Steve (as 41oo) wrote:Thats a fair question Thomas. The crucial word is "the timing". Hubbert got it bang on in predicting the peak of American (sub 47 parallel) oil. Oil companies and governments all say oil will peak, its just a question of when.
If we were having this discussion in the stone age, everything about that logic could be applied to stones. Stones are a finite resource, and people are using it to build houses. Ergo, stones will run out one day, the only question is when. And that's horrible because stones, remember, aren't just another commodity: They are the very foundation that the Stone Age civilization is built on! We have every reason to believe that thoughts like this would have sounded just as compelling to our elders 20000 years ago as the "running out of oil" thought sounds to you know.
So why didn't the world end up running out of stones? We don't have any historical evidence to answer that, but any price theory book can tell you the relevant economics: When the demand for a resource outruns its supply, the ensuing shortage encourages people to use it more sparingly, and to look for alternative resources. This requires effort by the individuals doing it. But seen from the higher levels of society -- the tribe level, the national level -- the process happens spontaneously, with no high-up intervention necessary. In the stone ages, for all we know, there never has been a government program to look for alternatives to stone. In the 19th century, William Stanley Jevons predicted that Britain would run out of coal in a matter of decades. Jevons was one of the most distinguished economists of his day, yet Britain has never run out of energy -- not even out of coal for that matter.
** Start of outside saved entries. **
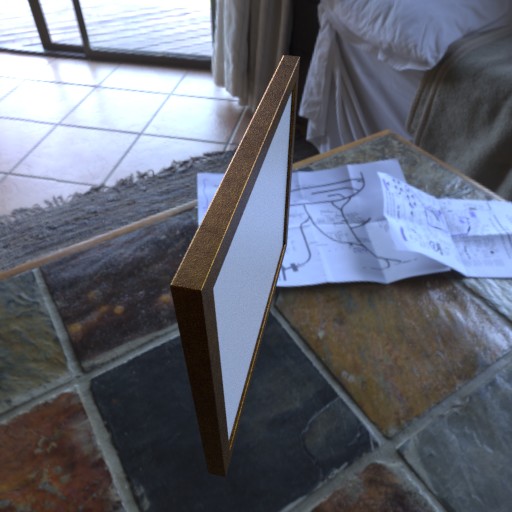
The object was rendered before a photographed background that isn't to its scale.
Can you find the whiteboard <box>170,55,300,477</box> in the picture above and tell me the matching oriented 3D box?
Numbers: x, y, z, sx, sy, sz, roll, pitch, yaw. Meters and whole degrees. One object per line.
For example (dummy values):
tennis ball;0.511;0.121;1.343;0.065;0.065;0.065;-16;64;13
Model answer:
whiteboard;0.000;0.000;0.751;0.029;0.457;0.561;9;45;9
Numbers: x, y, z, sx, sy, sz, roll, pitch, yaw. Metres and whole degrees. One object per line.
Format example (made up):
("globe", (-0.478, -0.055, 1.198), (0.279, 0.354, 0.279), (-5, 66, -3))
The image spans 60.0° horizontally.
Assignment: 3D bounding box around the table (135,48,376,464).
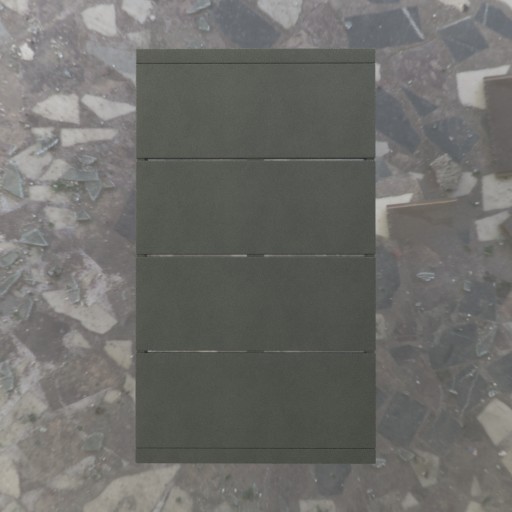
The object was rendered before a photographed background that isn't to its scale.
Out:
("table", (0.000, 0.000, 1.257), (0.559, 0.460, 0.965), (0, 90, 0))
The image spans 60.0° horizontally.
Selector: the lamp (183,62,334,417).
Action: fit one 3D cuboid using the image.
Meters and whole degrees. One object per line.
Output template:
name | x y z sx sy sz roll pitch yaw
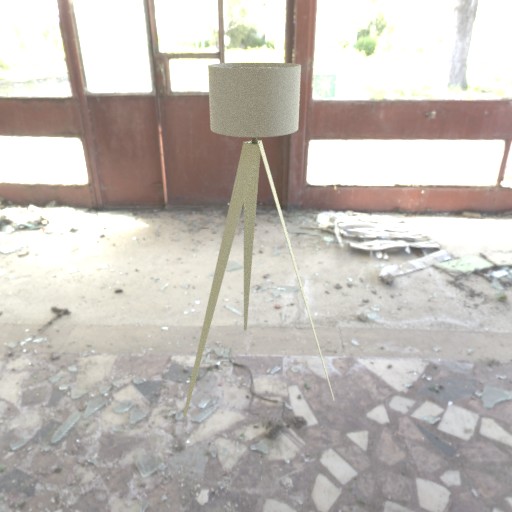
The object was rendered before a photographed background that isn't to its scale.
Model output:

So will we be using oil forever? No, because we will find alternative energy sources, and economise on the ones we have. Will the process be traumatic? No -- because the relevant textbook economics tell us that the price of a finite resource, if set by profit-maximizing agents, will increase at the world's real interest rate, which currently fluctuates at about 3-4% per year. (For one webbed example of the standard textbook treatment, see
David Friedman's Price Theory book. Scroll down about 1/3 of the page to the section "depleteable resources.") Will it take massive government intervention to develop those alternatives? If history is any guide, no. We have been "running out of" materials for centuries. Every time this happened, the scarcity of whatever we were running out of raised its price, and self-interest took it from there. This time might be different, but it would be a historical first if it was.